A este coste hay que añadir el desgaste operativo de los departamentos de TI ya que los equipos de soporte técnico y los especialistas en ciberseguridad tienen que dedicar parte de sus recursos a mitigar incidentes continuos, resolver bloqueos de cuentas provocados por falsos positivos y depurar bases de datos comerciales contaminadas por registros artificiales.
Estrategias de mitigación: cómo proteger tus aplicaciones y APIs
La contención de los ataques de bots impulsados por IA exige abandonar los enfoques de protección estáticos e implementar defensas dinámicas multicapa capaces de contrarrestar la automatización. Entre las medidas más adecuadas destacan:
- Análisis de comportamiento mediante Machine Learning para detectar patrones anómalos y diferenciar con mayor precisión entre usuarios legítimos y tráfico automatizado.

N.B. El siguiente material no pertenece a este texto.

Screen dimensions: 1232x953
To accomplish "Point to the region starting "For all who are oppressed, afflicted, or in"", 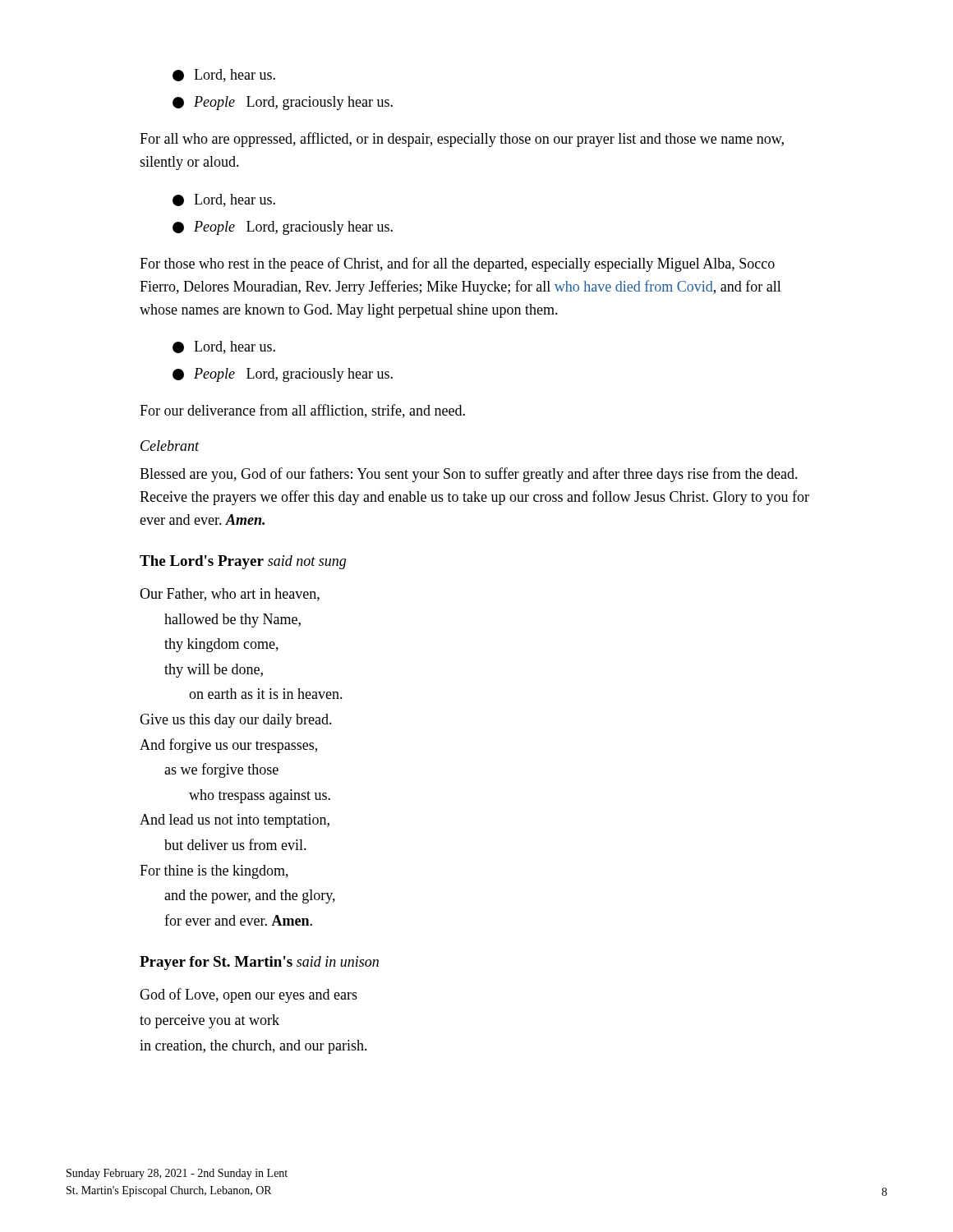I will click(x=462, y=150).
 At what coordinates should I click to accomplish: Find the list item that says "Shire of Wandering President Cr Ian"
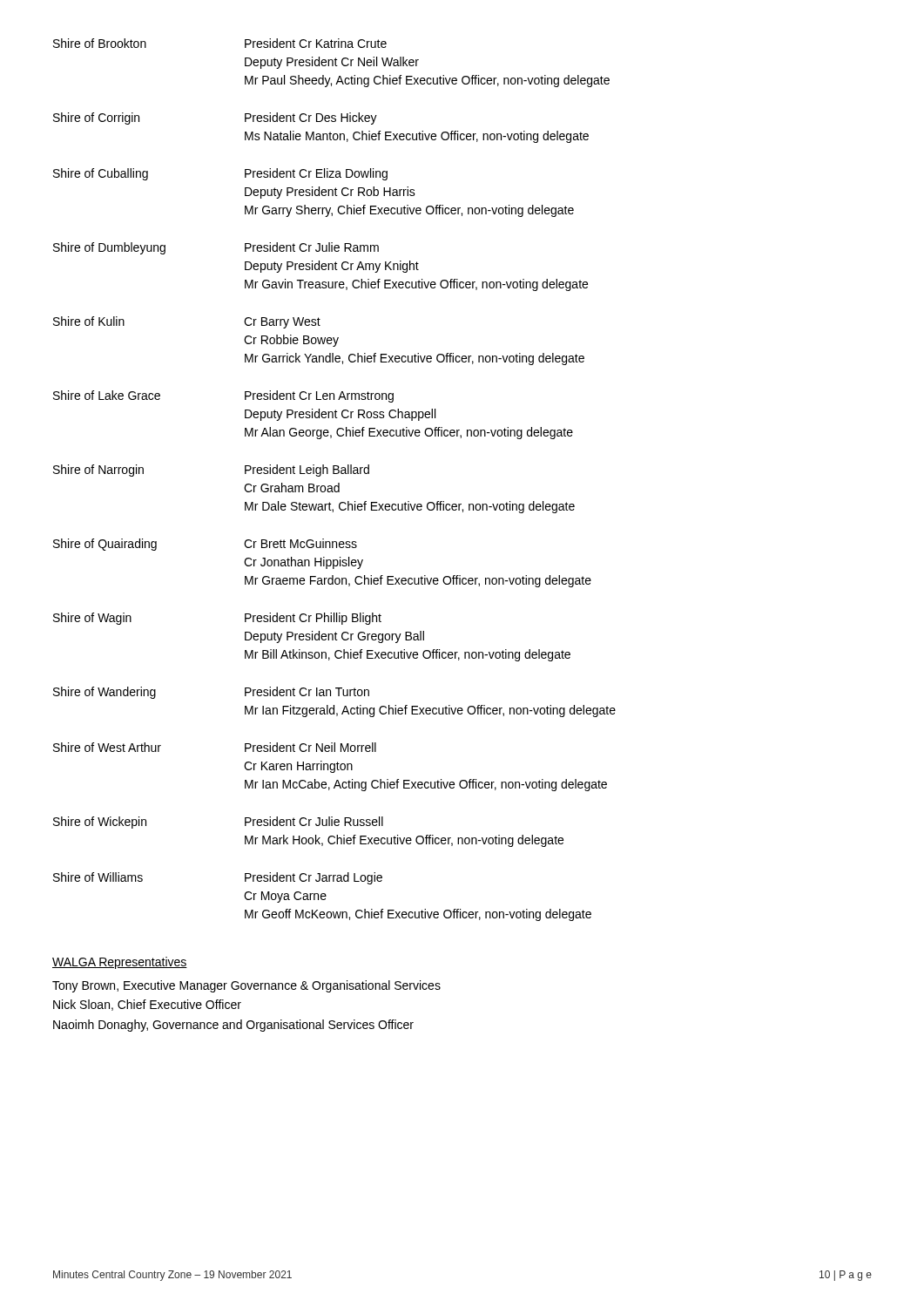pyautogui.click(x=462, y=701)
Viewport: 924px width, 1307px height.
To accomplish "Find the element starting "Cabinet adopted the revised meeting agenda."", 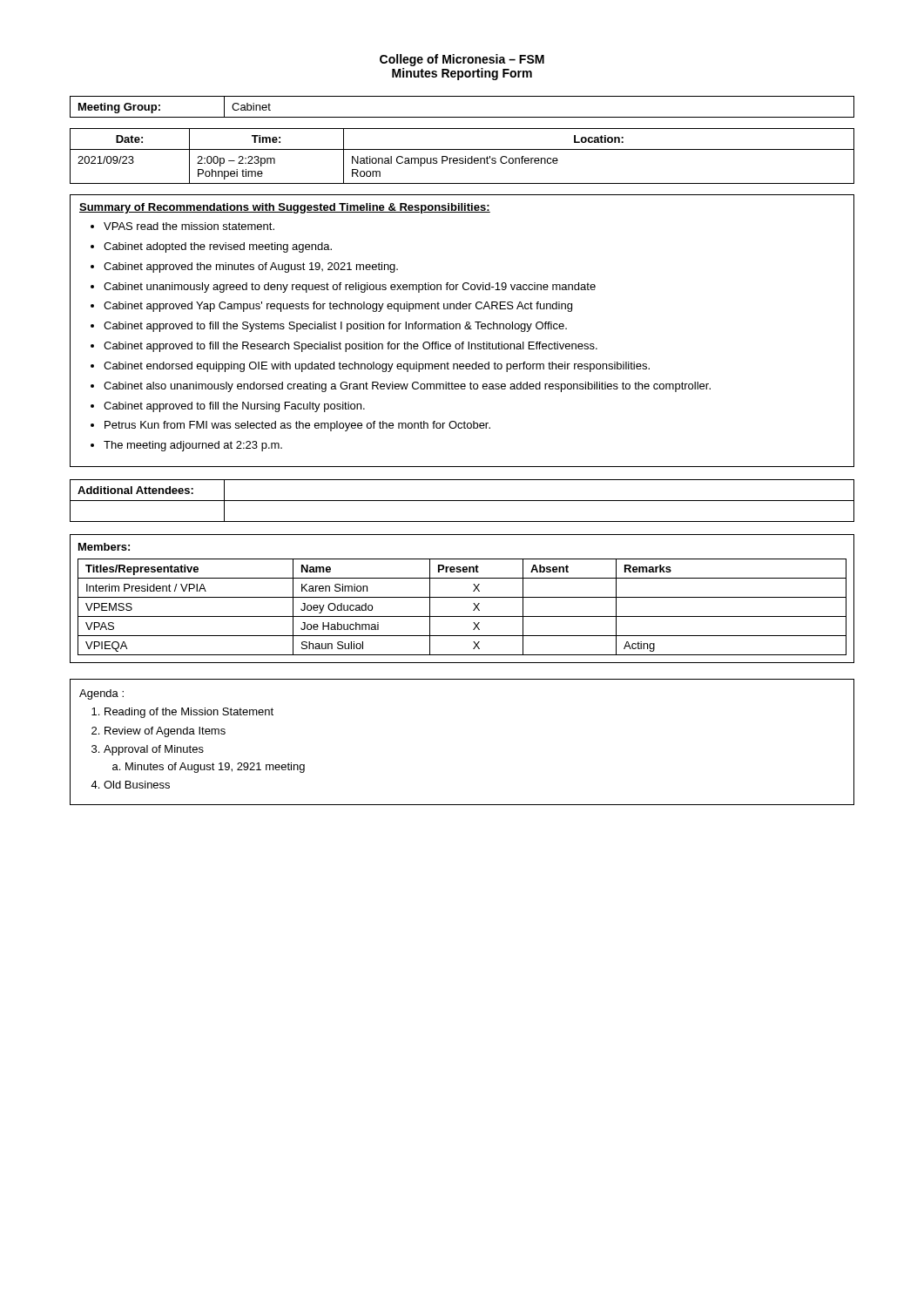I will pos(218,246).
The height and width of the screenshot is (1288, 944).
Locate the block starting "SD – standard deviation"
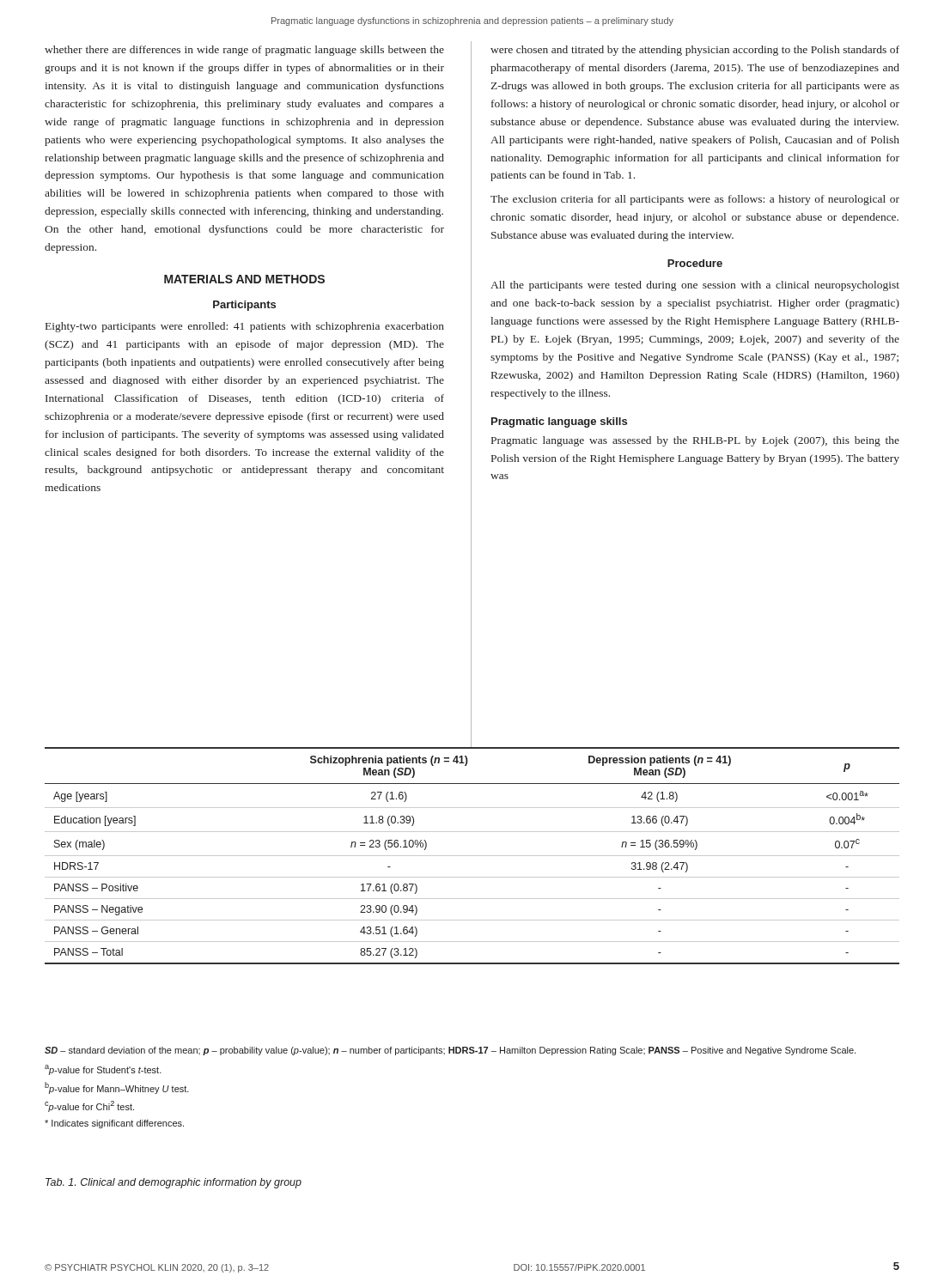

- Protección avanzada y cifrado de endpoints de APIs, implementando mecanismos de autenticación robustos, validación de esquemas y protección de los puntos de acceso frente a usos no autorizados.
- Firewalls de Aplicación Web (WAF) de última generación para incorporar inteligencia de amenazas actualizada y detectar comportamientos de riesgo asociados al tráfico automatizado.
- Bloqueo y gestión de firmas de navegadores automatizados para identificar e interceptar.
Rediseñar las defensas digitales para una web dominada por bots
La rápida adopción de la IA por parte de los ciberdelincuentes ha dejado obsoletas muchas de las estrategias tradicionales de seguridad perimetral. Los ataques de bots impulsados por IA exigen modelos de defensa más flexibles, con mayor capacidad de observación y mejor integrados con aplicaciones, APIs y datos.
Por ello, es importante analizar qué parte del tráfico que recibe cada entorno procede realmente de usuarios y qué peso tienen los procesos automatizados en la operativa diaria. Sin esa visibilidad, las empresas corren el riesgo de tomar decisiones sobre una realidad que ya no depende exclusivamente de los usuarios humanos.
Auditar periódicamente el tráfico, identificar comportamientos anómalos y contar con soluciones de ciberseguridad para empresas capaces de gestionar bots avanzados se convierte así en una parte esencial de la estrategia de ciberseguridad. En una web donde el tráfico automatizado ya es mayoritario, saber quién o qué interactúa con los sistemas es el primer paso para proteger aplicaciones, datos y servicios digitales.